Incoming – Sandra 50


[For a quick guide go here: Quick guide.

For back story go here: Story so far at 30 Nov 2020 and more recent Sandra episodes especially this one.]

[Other back story through in-links.]


Tamsin Bailey was an amazing programmer. She’d worked hard to get to the level she was at. At school she found herself adept at maths, science and physics – and a few other things besides – but her teachers were rather cool on her, not giving her any particular push here or there to guide her, leaving Tamsin to work it out for herself. Which she did.


At home she was quite happy. Her parents had jobs which had no influence on her life choices and there was no preferential treatment given to her due to any siblings she may or may not have had. To be honest they were an irrelevance to her career trajectory, because, at the end of the day, everything she had achieved, she had achieved.


At sixth form college she experienced a slight lapse in concentration on her course work, wondering for a few months - as everyone does - what exactly life had in store for her and what she wanted to get out of it. She dabbled in this and that, but ultimately found herself still achieving and feeling good about the things she could do with a computer. She did it because it made her happy and whatever anyone else said or commented on was really nothing to do with anything because she just essentially did what she enjoyed.


Tamsin’s interests now covered chess, bingo, backgammon, classical music (mainly Mahler) ABBA, The Queens of the New Stone Age, The XX, Sigrid, Lorde, Harry Styles, the recordings of John Cale, English and lemon tea. She tried to get into Frank Zappa but felt it would take up too much of her time to do him justice.


Meanwhile she created and launched her own app, a simple affair that offered an aide memoire for research scientists who wanted to keep their top line results in one place. She created this alone, launched it herself and put it in front of a few people. They were very happy with it and said she should sell it on to someone or do a more significant launch but she just said nah. She’d really done it for herself and learned things by it.


Then she coded an app based game involving three gnomes, a frog, seven unicorns and a duck called Bill. The game went viral. Tamsin knew she was in demand and knew she could make money out of this. Maybe lots of money.


However it wasn't really something she wanted to do at that point. About five people told her she was throwing away the opportunity of a lifetime, but Tamsin pointed out it was her lifetime and not really any of anyone else’s business what happened in it or to it. She did what she wanted to do and therefore nothing was wasted. Not effort nor chance nor opportunity.


Leaving college she did go on to higher education, choosing instead to work for a large corporate company, looking after their tech requirements. She was very good at this job and was constantly being told so by her department boss. Her boss had a tendency to muck up their technology and then need Tamsin to come and fix everything. She was very adept at this and enjoyed putting things right which she always did without drawing attention to how the other person had caused this problem in the first place. It was just one of those things. And it was just what she wanted to do.

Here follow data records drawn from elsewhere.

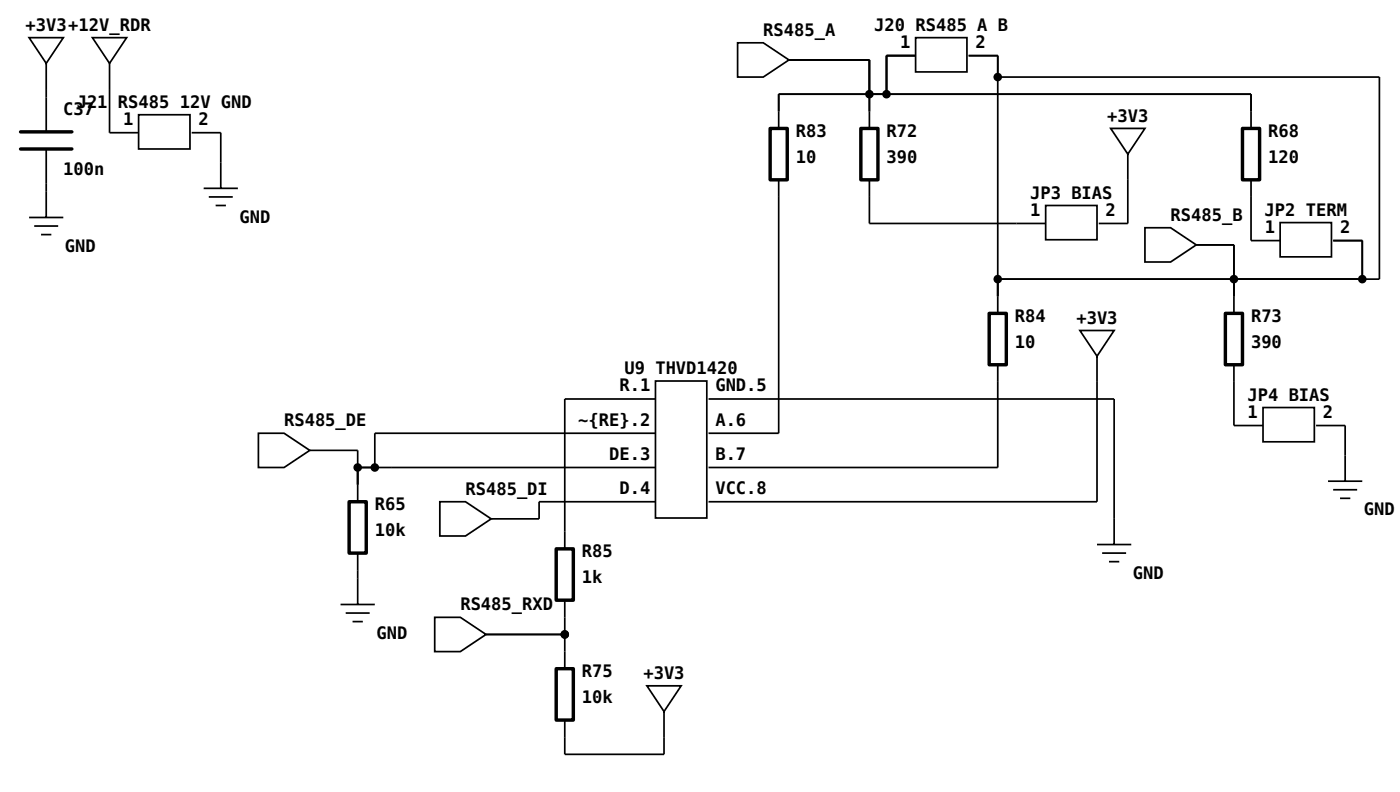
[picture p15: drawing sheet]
<svg xmlns="http://www.w3.org/2000/svg" width="216mm" height="122mm" viewBox="0 0 216 122" stroke-linecap="round" stroke-linejoin="round" font-family="sans-serif">
<defs><g id="words">
<g font-size="2.6">
<text x="4" y="4.8">+3V3+12V_RDR</text>
<text x="118" y="5.6">RS485_A</text>
<text x="135.2" y="4.8">J20 RS485 A B</text>
<text x="139.2" y="7.4">1</text>
<text x="150.8" y="7.4">2</text>
<text x="9.8" y="17.7">C37</text>
<text x="11.9" y="16.7">J21 RS485 12V GND</text>
<text x="19" y="19.3">1</text>
<text x="30.7" y="19.3">2</text>
<text x="123" y="21.2">R83</text>
<text x="137.1" y="21.2">R72</text>
<text x="171.2" y="18.8">+3V3</text>
<text x="196.1" y="21.2">R68</text>
<text x="9.8" y="27">100n</text>
<text x="123" y="25.1">10</text>
<text x="137.1" y="25.1">390</text>
<text x="196.1" y="25.1">120</text>
<text x="37" y="34.4">GND</text>
<text x="159.3" y="30.7">JP3 BIAS</text>
<text x="159.3" y="33.3">1</text>
<text x="170.9" y="33.3">2</text>
<text x="181" y="34.1">RS485_B</text>
<text x="195.5" y="33.3">JP2 TERM</text>
<text x="195.5" y="36">1</text>
<text x="207.2" y="36">2</text>
<text x="10" y="38.9">GND</text>
<text x="156.9" y="49.7">R84</text>
<text x="156.9" y="53.7">10</text>
<text x="166.4" y="50">+3V3</text>
<text x="193.4" y="49.7">R73</text>
<text x="193.4" y="53.7">390</text>
<text x="96.5" y="57.8">U9 THVD1420</text>
<text x="43.9" y="65.9">RS485_DE</text>
<text x="89.4" y="65.7">~{RE}.2</text>
<text x="95.8" y="60.5">R.1</text>
<text x="110.6" y="60.5">GND.5</text>
<text x="110.6" y="65.7">A.6</text>
<text x="192.9" y="61.9">JP4 BIAS</text>
<text x="192.9" y="64.6">1</text>
<text x="204.5" y="64.6">2</text>
<text x="94.2" y="71">DE.3</text>
<text x="110.6" y="71">B.7</text>
<text x="72" y="76.5">RS485_DI</text>
<text x="95.8" y="76.3">D.4</text>
<text x="110.6" y="76.3">VCC.8</text>
<text x="57.9" y="78.8">R65</text>
<text x="57.9" y="82.8">10k</text>
<text x="210.9" y="79.6">GND</text>
<text x="90" y="86.1">R85</text>
<text x="175.1" y="89.4">GND</text>
<text x="71.2" y="94.3">RS485_RXD</text>
<text x="90" y="90.1">1k</text>
<text x="58.2" y="98.7">GND</text>
<text x="90" y="104.6">R75</text>
<text x="99.5" y="104.9">+3V3</text>
<text x="90" y="108.6">10k</text>
</g>
</g></defs>
<g fill="none" stroke="#000" stroke-width=".26">
<path d="M4.5 5.8h5.3l-2.7 4zM7.1 9.8v10.6M14.3 5.8h5.3l-2.7 4zM16.9 9.8v10.7h4.5M21.4 17.7h8v5.3h-8zM114 6.6h4l4 2.7-4 2.6h-4zM120.4 19.8v-5.2h73v5.2M122 9.3h12.4v10.5M141.6 5.8h7.9v5.3h-7.9zM141.6 8.6h-4.5v6M149.8 8.6h4.5v39.8M154.3 11.9h59v31.2h-59"/>
<path d="M171.7 19.8h5.3l-2.6 4zM4.5 33.6h5.3M5.3 34.9h3.7M6.3 36.2h1.6M7.1 23v10.6M29.6 20.5h4.5v8.6M31.5 29.1h5.3M32.3 30.4h3.7M33.3 31.7h1.6M120.4 27.8v39.1h-10.9M134.4 27.8v6.7h27.3M161.7 31.7h7.9v5.3h-7.9z"/>
<path d="M174.4 23.8v10.7h-4.5M177 35.2h4l3.9 2.6-3.9 2.7h-4zM184.9 37.8h5.9v10.6M193.4 27.8v9.4h4.5M197.9 34.4h7.9v5.3h-7.9zM206.1 37.2h4.5v5.9M101.3 58.9h8v21.1h-8zM154.3 56.4v15.8h-44.8M167 51.1h5.2l-2.6 3.9zM169.6 55v22.5h-60.1M190.8 56.4v9.3h4.5M40 66.9h3.9l4 2.7-4 2.6h-3.9z"/>
<path d="M47.9 69.6h7.4v7.9M55.3 72.2h46M68 77.5h4l3.9 2.7-3.9 2.6h-4zM101.3 61.6h-14v23.2M101.3 66.9h-43.4v5.3M101.3 77.5h-18v2.7h-7.4M109.5 61.6h62.7v22.5M195.3 63h7.9v5.3h-7.9zM203.5 65.7h4.5v8.6M205.3 74.3h5.3M206.1 75.7h3.7M207.2 77h1.6"/>
<path d="M52.7 93.4h5.2M53.4 94.7h3.7M54.5 96h1.6M55.3 85.5v7.9M67.2 95.4h4l3.9 2.6-3.9 2.7h-4zM75.1 98h12.2M87.3 92.7v10.6M169.6 84.1h5.3M170.4 85.5h3.7M171.4 86.8h1.6M100 106h5.3l-2.6 3.9zM102.7 109.9v6.6h-15.4v-5.2"/>
</g>
<path d="M119.1 19.8h2.6v8h-2.6zM133.1 19.8h2.6v8h-2.6zM192.1 19.8h2.6v8h-2.6zM3.2 20.4h7.9M3.2 23h7.9M152.9 48.4h2.7v8h-2.7zM189.4 48.4h2.7v8h-2.7zM54 77.5h2.6v8h-2.6zM86 84.8h2.6v7.9h-2.6zM86 103.3h2.6v8h-2.6z" fill="none" stroke="#000" stroke-width=".53"/>
<g fill="#000" stroke="#000" stroke-width=".26">
<circle cx="134.4" cy="14.6" r=".53"/>
<circle cx="137.1" cy="14.6" r=".53"/>
<circle cx="154.3" cy="11.9" r=".53"/>
<circle cx="154.3" cy="43.1" r=".53"/>
<circle cx="190.8" cy="43.1" r=".53"/>
<circle cx="210.6" cy="43.1" r=".53"/>
<circle cx="55.3" cy="72.2" r=".53"/>
<circle cx="57.9" cy="72.2" r=".53"/>
<circle cx="87.3" cy="98" r=".53"/>
</g>
<use href="#words"/>
</svg>
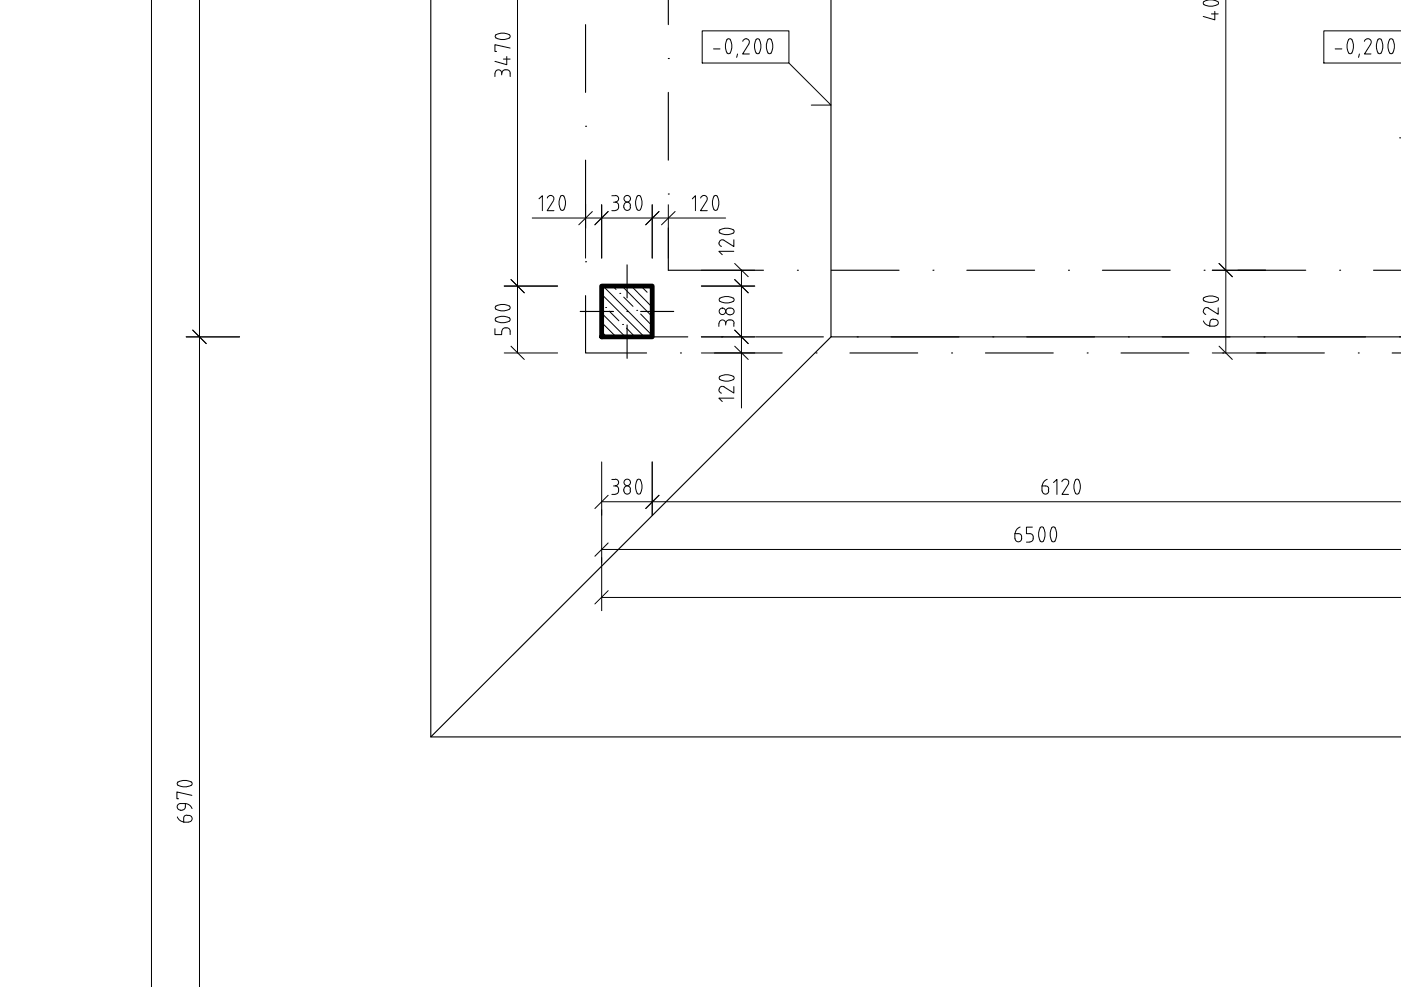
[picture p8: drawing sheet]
<svg xmlns="http://www.w3.org/2000/svg" width="210mm" height="148mm" viewBox="0 0 210 148" stroke-linecap="round" stroke-linejoin="round" font-family="sans-serif">
<!-- layer: 0 -->
<g fill="none" stroke="#000" stroke-width=".17">
<path d="M64.6 0v110.5M100.2 0v3.7M124.6 0v50.5h85.4M87.8 18.9h.1M87.8 3.7v10.2M100.2 8.8h.1M100.2 13.9v10.1M87.8 39.3h.1M87.8 24v10.2M94 39.7v5M100.2 29.1h.1M100.2 34.2v6.3h14.2"/>
<path d="M87 46.7h5M87.8 44.3v8.6h9.1M94 46.7h.1M94 48.7v5M96 46.7h5M97.8 50.5h5.3M102 52.9h.1M107.1 52.9h10.1M108.2 50.5h.1M113.3 50.5h10.1M119.5 40.5h.1M122.3 52.9h.1"/>
<path d="M124.6 50.5l-60 60M124.6 40.5h10.2M127.4 52.9h10.2M128.5 50.5h.1M133.6 50.5h10.1M139.8 40.5h.1M142.6 52.9h.1M144.9 40.5h10.2M147.7 52.9h10.2M148.8 50.5h.1M153.9 50.5h10.2M160.2 40.5h.1"/>
<path d="M163 52.9h.1M165.2 40.5h10.2M168 52.9h10.2M169.1 50.5h.1M174.2 50.5h10.2M180.5 40.5h.1M183.3 52.9h.1M185.6 40.5h10.1M188.4 52.9h10.1M189.5 50.5h.1M194.5 50.5h10.2M200.8 40.5h.1"/>
<path d="M203.6 52.9h.1M205.9 40.5h4.1M208.7 52.9h1.3M209.8 50.5h.1M64.6 110.5h145.4"/>
</g>
<!-- layer: kty -->
<g fill="none" stroke="#000" stroke-width=".15">
<path d="M22.7 0v148.1M29.9 0v148.1M77.6 -.1v53M183.7 0v52.9M74.2 11v.5M74.2 11a.49 .49 0 0 1 .5-.5 .49 .49 0 0 1 .5 .5M74.3 5.3a1.89 1.89 0 0 1 2.1 0v.3a1.89 1.89 0 0 1-2.1 0zM75.2 11v.2M75.5 8.9h1M75.7 10.5h.3M75.7 10.5l-.4 .2-.1 .3M76 8.5v1.2l-1.8-.5"/>
<path d="M76 10.5l.4 .2 .1 .3M76.5 7.2l-2.3-.5v1h.2M76.5 11v.5M105.3 4.6h13v4.9h-13zM106.9 7.3h1M109.1 5.8h.3a1.89 1.89 0 0 1 0 2.2h-.3a1.89 1.89 0 0 1 0-2.2zM110.5 8.1l-.1 .5M111.8 5.8a.49 .49 0 0 1 .5 .8M111.8 5.8l-.2 .1-.3 .3M112.2 6.6l-.9 1.5h1M113.3 5.9a.32 .32 0 0 1 .5 0M113.3 7.9a.32 .32 0 0 0 .5 0"/>
<path d="M113.3 5.9a2.1 2.1 0 0 0 0 2M113.8 5.9a2.1 2.1 0 0 1 0 2M115.1 5.9a.32 .32 0 0 1 .5 0 2.01 2.01 0 0 1-.1 2.1l-.4-.1M115.1 5.9a2.1 2.1 0 0 0 0 2M118.3 9.5l6.3 6.3h-3M180.5 .2a.32 .32 0 0 0 0 .5M180.5 .7a2.1 2.1 0 0 0 2 0M180.5 .2a2.1 2.1 0 0 1 2 0M181.6 2.1h1M182.1 1.7v1.3l-1.7-.5M182.5 .2a.32 .32 0 0 1 0 .5M200.1 7.3h1"/>
<path d="M202.1 5.9a.32 .32 0 0 1 .5 0M202.1 7.9a.32 .32 0 0 0 .5 0M202.2 5.9a2.1 2.1 0 0 0 0 2M202.6 5.9a2.1 2.1 0 0 1 0 2M203.8 8.1l-.2 .5M205 5.8l-.2 .1-.3 .3M205.1 5.8a.49 .49 0 0 1 .4 .8M205.5 6.6l-1 1.5h1M206.6 5.8h.3a1.89 1.89 0 0 1 0 2.2h-.3a1.89 1.89 0 0 1 0-2.2zM208.8 5.9a2.1 2.1 0 0 1 0 2M208.8 5.9a.3 .3 0 0 0-.5 0 1.96 1.96 0 0 0 .1 2.1l.4-.1M210 4.6h-11.6v4.9h11.6"/>
<path d="M79.8 32.7h29M80.8 29.8l.5-.5v2.3M82 29.7a.5 .5 0 0 1 .7-.4 .5 .5 0 0 1 .3 .8M82.9 30.1l-.9 1.5h1M84 29.4a.32 .32 0 0 1 .5 0M84 31.4a.32 .32 0 0 0 .5 0M84 29.4a2.1 2.1 0 0 0 0 2M84.5 29.4a2.1 2.1 0 0 1 0 2M87.8 30.7v8M90.2 30.7v8M91.7 29.3h.5M91.7 31.6h.5"/>
<path d="M92 30.3a.57 .57 0 0 1 .7 .5M92.2 29.3a.49 .49 0 0 1 .5 .5 .49 .49 0 0 1-.5 .5M92.7 30.8a.55 .55 0 0 1-.5 .7M93.5 30.8v.3M93.5 30.8a.49 .49 0 0 1 .5-.5 .49 .49 0 0 1 .5 .5M93.5 31.1a.49 .49 0 0 0 .5 .4 .49 .49 0 0 0 .5-.4M94.5 30.8v.3M95.5 29.4a.32 .32 0 0 1 .5 0 2.01 2.01 0 0 1-.1 2.1l-.4-.1M95.5 29.4a2.1 2.1 0 0 0 0 2M97.8 30.7v8M100.2 30.7v8M103.8 29.8l.4-.5v2.3"/>
<path d="M105 29.7a.5 .5 0 0 1 .7-.4 .5 .5 0 0 1 .2 .8M105.9 30.1l-.9 1.5h1M107.1 29.3h.3a1.89 1.89 0 0 1 0 2.2h-.3a1.89 1.89 0 0 1 0-2.2zM107.8 36.4l.1 .4 .2 .1M107.9 34.4a.32 .32 0 0 0 0 .6M107.9 34.9a2.1 2.1 0 0 0 2 0M107.9 34.5a2.1 2.1 0 0 1 2 0M108.5 36a.49 .49 0 0 0-.7 .4M109.9 34.4a.32 .32 0 0 1 0 .6M110 37.7h-2.2l.5 .5M110 36v1l-1.5-1M209.8 20.7h.2"/>
<path d="M27.9 50.5h8M74.2 49.3v.9h1v-.5M74.3 47.8a1.89 1.89 0 0 1 2.1 0v.3a1.89 1.89 0 0 1-2.1 0zM74.4 45.9a.32 .32 0 0 0 0 .5M74.4 46.4a2.1 2.1 0 0 0 1.9 0M74.4 45.9a2.1 2.1 0 0 1 1.9 0M75.6 52.9h8M75.6 42.9h8M75.7 49.2h.3M75.7 49.2h-.2l-.3 .4M76 49.2l.4 .2 .1 .8M76.3 45.9a.32 .32 0 0 1 0 .5"/>
<path d="M105.1 52.9h8M105.1 40.5h8M105.1 50.5h8M105.1 42.9h8M107.8 48.5v.4M107.8 58.4l.1 .5 .2 .1M107.8 48.5a.49 .49 0 0 1 .5-.5 .49 .49 0 0 1 .5 .5M107.8 44.8a1.89 1.89 0 0 1 2.2 0v.3a1.89 1.89 0 0 1-2.2 0zM107.8 56.5a1.89 1.89 0 0 1 2.2 0v.3a1.89 1.89 0 0 1-2.2 0zM108.8 48.5v.2M109.3 48h.2M109.3 46.2h.2"/>
<path d="M109.3 47.2h.2M109.3 48l-.4 .2-.1 .3M109.3 46.2a.49 .49 0 0 0-.5 .5 .49 .49 0 0 0 .5 .5M109.6 48l.4 .2v.3M109.6 46.2a.49 .49 0 0 1 .4 .5 .49 .49 0 0 1-.4 .5M110 59.7h-2.2l.5 .5M110 58v.9l-1.5-.9a.49 .49 0 0 0-.7 .4M110 48.5v.4M111.1 40.5v20.7M180.4 46.6l.1 .4 .2 .2M180.4 48.1a1.12 1.12 0 0 0 1 .8M180.5 44.6a.3 .3 0 0 0 0 .5 2.1 2.1 0 0 0 2 0"/>
<path d="M180.5 44.6a2.1 2.1 0 0 1 2 0M181.1 46.2a.49 .49 0 0 0-.7 .4M181.3 48.4v.5h.8M181.7 52.9h8M181.7 40.5h8M181.8 47.9h.3M181.9 47.9a.44 .44 0 0 0-.5 .5M182.1 47.9a.49 .49 0 0 1 .5 .5 .49 .49 0 0 1-.5 .5M182.5 44.6a.32 .32 0 0 1 0 .5M182.6 46.2v.9l-1.5-.9M90.2 69.3v22.3M90.2 75.2h119.8"/>
<path d="M91.7 71.9h.5M91.7 74.1h.5M92 72.9a.57 .57 0 0 1 .7 .5M92.2 71.9a.49 .49 0 0 1 .5 .4 .49 .49 0 0 1-.5 .5M92.7 73.6v.3l-.5 .2M92.7 73.4v.2M93.5 73.4v.2M93.5 73.4a.49 .49 0 0 1 .5-.5 .49 .49 0 0 1 .5 .5M93.5 73.6a.49 .49 0 0 0 .5 .5 .49 .49 0 0 0 .5-.5M94.5 73.4v.2M95.5 72a.32 .32 0 0 1 .5 0 2.01 2.01 0 0 1-.1 2.1l-.4-.1M95.5 72a2.1 2.1 0 0 0 0 2"/>
<path d="M97.8 69.3v8M152.9 79a1.12 1.12 0 0 0-.7 1M154.7 79h-.8v1h.5M155.9 79.1a.32 .32 0 0 1 .5 0 2.01 2.01 0 0 1-.1 2.1l-.4-.1M155.9 79.1a2.1 2.1 0 0 0 0 2M156.2 73.6a.49 .49 0 0 0 .5 .5 .49 .49 0 0 0 .5-.5M156.7 72.9h-.5v.7M156.7 72.9a.44 .44 0 0 1 .5 .5M157 71.9a1.12 1.12 0 0 0-.8 1M157.2 73.4v.2M157.8 79h.2a1.89 1.89 0 0 1 0 2.2h-.2a1.89 1.89 0 0 1 0-2.2zM157.9 72.4l.5-.5v2.2"/>
<path d="M159.7 71.9h-.2l-.3 .3M159.7 71.9a.49 .49 0 0 1 .4 .7M160.1 72.7l-.9 1.4h1M161.3 71.9h.3a1.89 1.89 0 0 1 0 2.2h-.3a1.89 1.89 0 0 1 0-2.2zM90.2 89.6h119.8M90.2 82.4h119.8M152.2 80.8a.49 .49 0 0 0 .4 .4 .49 .49 0 0 0 .5-.4M152.6 80h-.5v.8M152.6 80a.44 .44 0 0 1 .5 .5M153.1 80.5v.3M153.9 81.3h.5M154.4 80l.2 .1 .3 .4"/>
<path d="M154.9 80.8l-.3 .4h-.2M154.9 80.5v.3M26.7 117.8a.32 .32 0 0 1 0-.5 2.01 2.01 0 0 1 2.1 .1l-.1 .4M26.7 117.7a2.1 2.1 0 0 0 2 0M28.8 119.3l-2.3-.5v1h.3M26.6 122.5a1.12 1.12 0 0 0 1 .7M27 120.5h.7M27 121.5h.3M27 120.5a.49 .49 0 0 0-.4 .5 .49 .49 0 0 0 .4 .5M27.5 122.8v.5h.8M27.7 120.5a1.12 1.12 0 0 1 1.1 .7M27.8 121l-.3 .4-.2 .1"/>
<path d="M27.8 120.5v.5M28 122.2a.44 .44 0 0 0-.5 .5M28 122.3h.3M28.3 122.3a.49 .49 0 0 1 .5 .5 .49 .49 0 0 1-.5 .4"/>
<circle cx="94" cy="29.8" r=".49"/>
<circle cx="108.3" cy="46.7" r=".49"/>
<circle cx="94" cy="72.3" r=".49"/>
</g>
<!-- layer: rafy -->
<g fill="none" stroke="#000" stroke-width=".15">
<path d="M90.2 49.8l.5 .4M90.2 45.5h.1M90.2 48.4l2.1 2.1M90.2 44.1l6.4 6.4M90.2 47l3.5 3.5M90.4 42.9l7.4 7.4M90.8 46.1h.1M91.3 46.7l1.5 1.4M91.8 42.9l.5 .5M92.9 44h.1M93.2 42.9l4.6 4.6M93.3 48.7h.1"/>
<path d="M93.5 44.5l1.4 1.4M93.9 49.2l1.3 1.3M94.6 42.9l3.2 3.2M95.4 46.5h.1M96 47.1l1.4 1.4M96.1 42.9l.9 .9M97.5 42.9l.3 .3M97.6 44.4h.1"/>
</g>
<path d="M90.2 42.9h7.6v7.6h-7.6z" fill="none" stroke="#000" stroke-width=".72"/>
<!-- layer: 0 -->
<g fill="none" stroke="#000" stroke-width=".15">
<path d="M88.8 31.7l-2 2M91.2 31.7l-2 2M98.8 31.7l-2 2M101.2 31.7l-2 2M110.1 39.5l2.1 2M182.7 39.5l2 2M28.9 49.5l2 2M76.6 41.9l2 2M76.6 51.9l2 2M110.1 41.9l2.1 2M110.1 49.5l2.1 2M110.1 51.9l2.1 2"/>
<path d="M182.7 51.9l2 2M91.2 74.3l-2 2M98.8 74.3l-2 2M91.2 88.6l-2 2M91.2 81.4l-2 2"/>
</g>
</svg>

And so having had an enjoyable career so far, together with some enjoyable other events occurring alongside the work thing which were really of no concern to the employers at Together... Apart, Tamsin heard from a friend of a friend that an app based business were looking for new people to come and do their thing for them. It appeared the app was trying to do something different, and there was wriggle room for her to explore her own idea. This was somewhere where her contribution would be appreciated from day one.


“I’m not sure...” said Adrian over the Zoom channel, reading through her CV, following a video interview.


“I am,” said Sandra, “and you’re fired.”


Sandra ended the call. Adrian looked at the screen for a moment. Then he took off the ‘This is what a feminist looks like' T-Shirt which he had hoped would gain him a couple of credits with Sandra and, sat in his vest, dialled the first person he could think of who was waiting for him to dig them out of a bug-ridden mess. For more money.


Sandra closed down the Zoom programme and phoned Tamsin to welcome her abroad Together... Apart. She loved days like these.